Prompt: The records below are to be returned word for word, with pictures left out.

(Stored data)

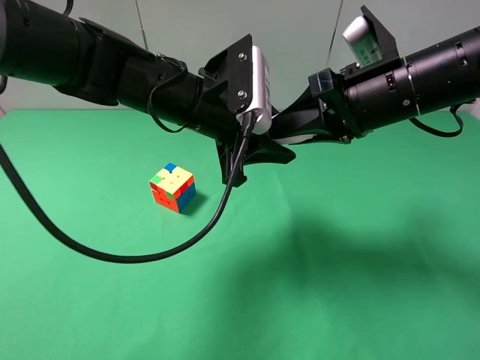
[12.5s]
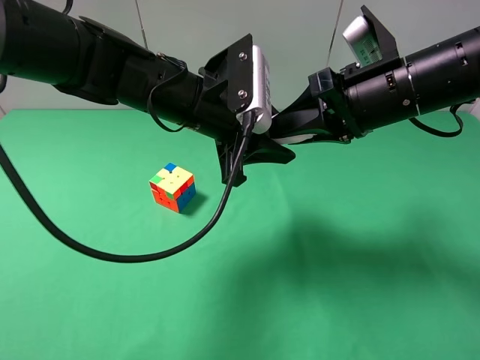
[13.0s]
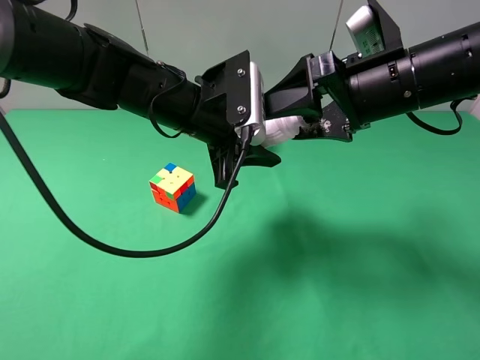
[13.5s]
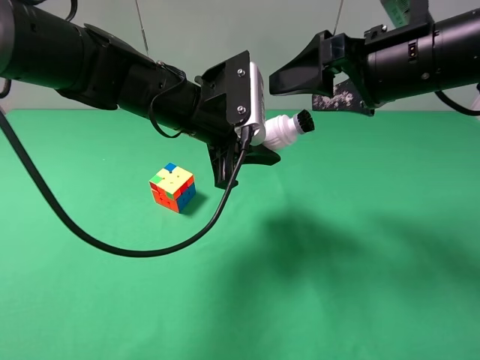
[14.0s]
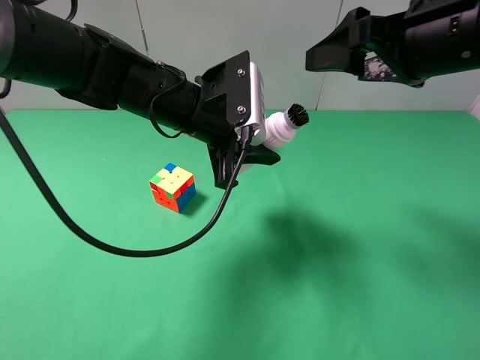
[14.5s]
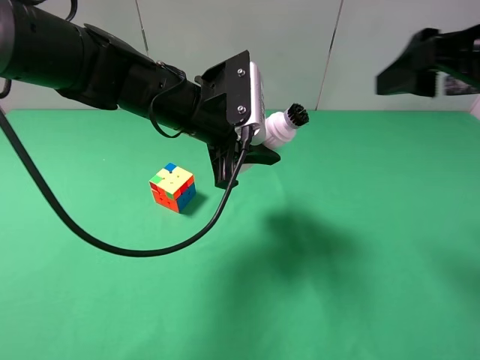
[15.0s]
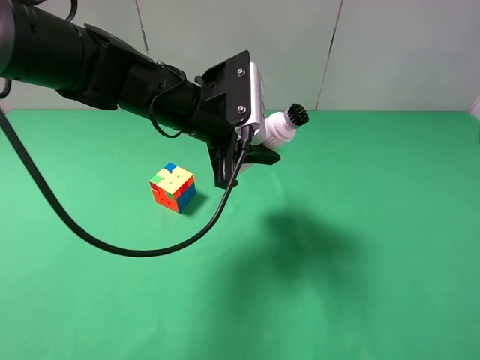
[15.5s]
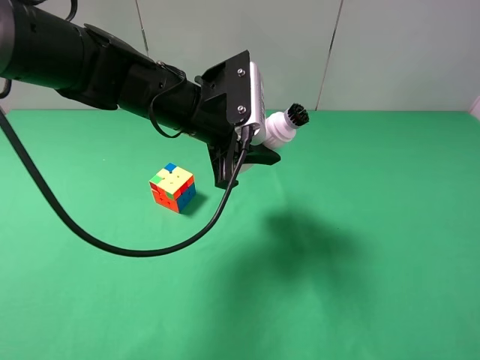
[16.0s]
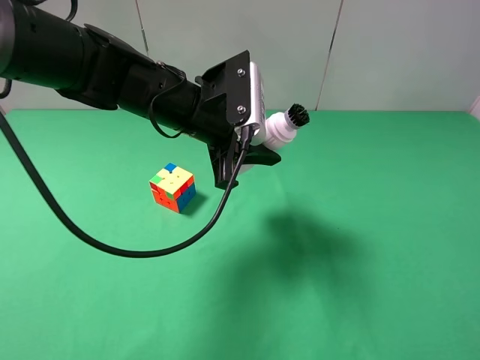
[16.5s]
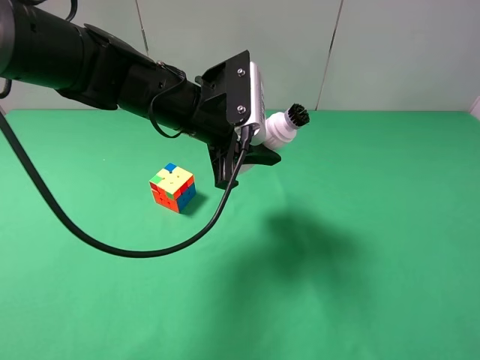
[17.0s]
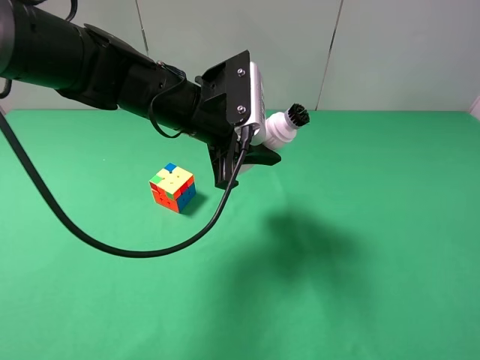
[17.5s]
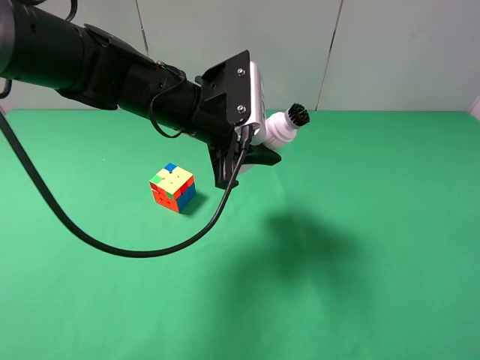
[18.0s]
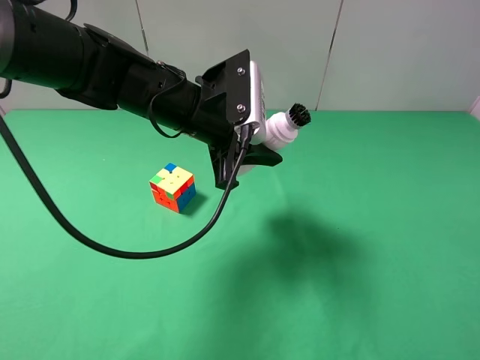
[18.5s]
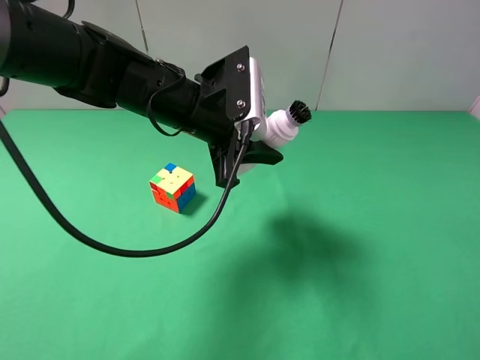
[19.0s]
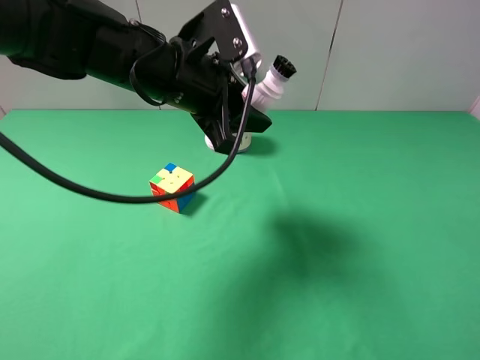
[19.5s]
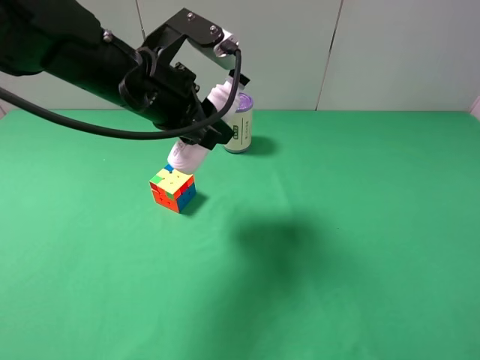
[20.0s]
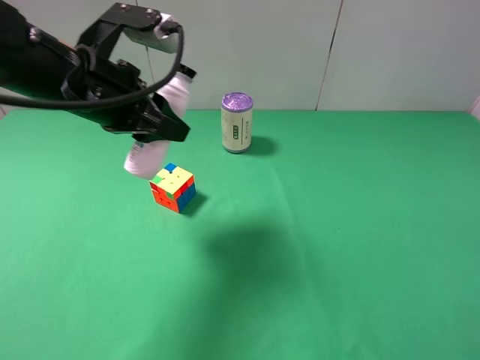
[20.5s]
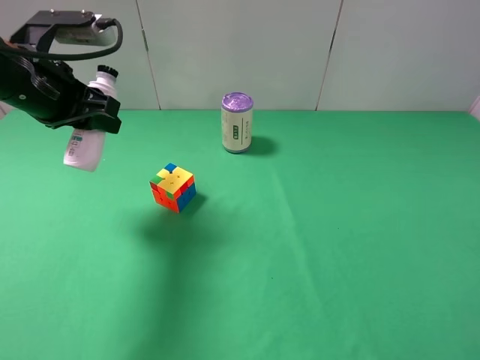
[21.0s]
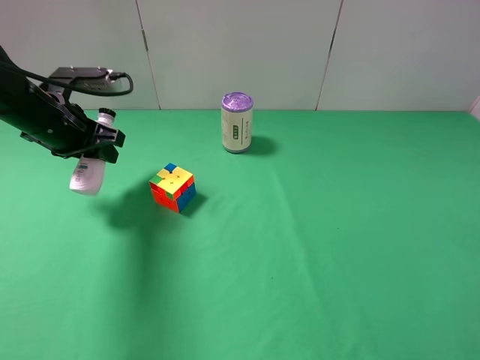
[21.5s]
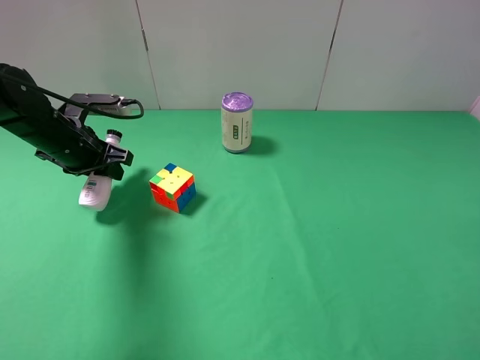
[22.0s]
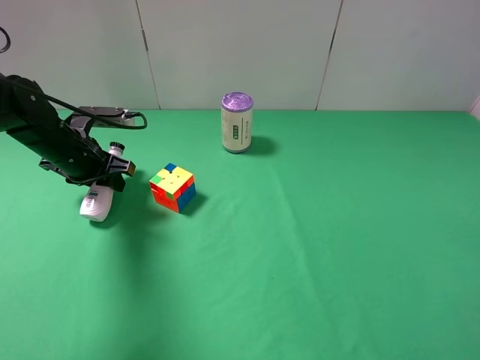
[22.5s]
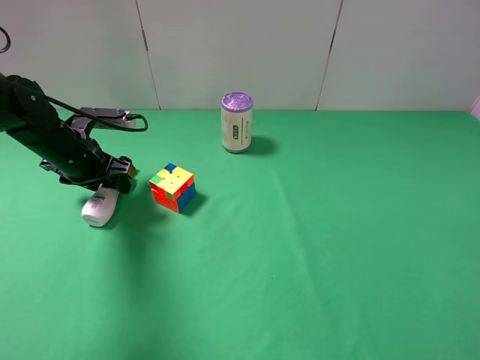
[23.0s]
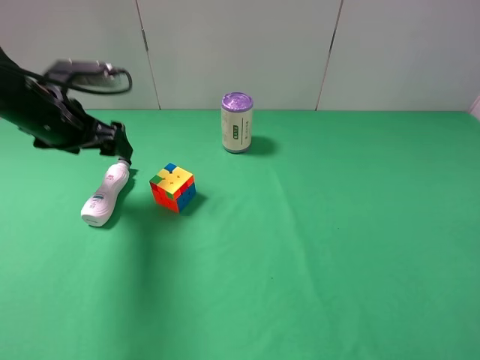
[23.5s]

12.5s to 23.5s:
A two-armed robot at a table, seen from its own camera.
Task of the whole recording: use the right gripper to pick up the item and transfer it from the right gripper to the left gripper.
Step, 13.5s to 23.0s: The left gripper places shampoo on the left side of the table.
12.5s to 14.5s: The right gripper heads upward, covering roughly 5 cm, and opens its fingers.
14.5s to 16.0s: The right gripper is displaced backward and to the right by about 25 cm.
18.0s to 20.0s: The left gripper shifts by about 5 cm.
20.0s to 21.5s: The left gripper travels to the left and downward by approximately 15 cm.
21.5s to 23.5s: The left gripper opens.

Your response:
[12.5s]
[13.0s]
[13.5s]
[14.0s]
[14.5s]
[15.0s]
[15.5s]
[16.0s]
[16.5s]
[17.0s]
[17.5s]
[18.0s]
[18.5s]
[19.0s]
[19.5s]
[20.0s]
[20.5s]
[21.0s]
[21.5s]
[22.0s]
[22.5s]
[23.0s]
[23.5s]

12.5s to 23.5s:
A two-armed robot at a table, seen from its own camera.
Task of the whole recording: use the right gripper to pick up the item and transfer it from the right gripper to the left gripper.
Step, 13.5s to 23.0s: The left gripper places shampoo on the left side of the table.
12.5s to 14.5s: The right gripper heads upward, covering roughly 5 cm, and opens its fingers.
14.5s to 16.0s: The right gripper is displaced backward and to the right by about 25 cm.
18.0s to 20.0s: The left gripper shifts by about 5 cm.
20.0s to 21.5s: The left gripper travels to the left and downward by approximately 15 cm.
21.5s to 23.5s: The left gripper opens.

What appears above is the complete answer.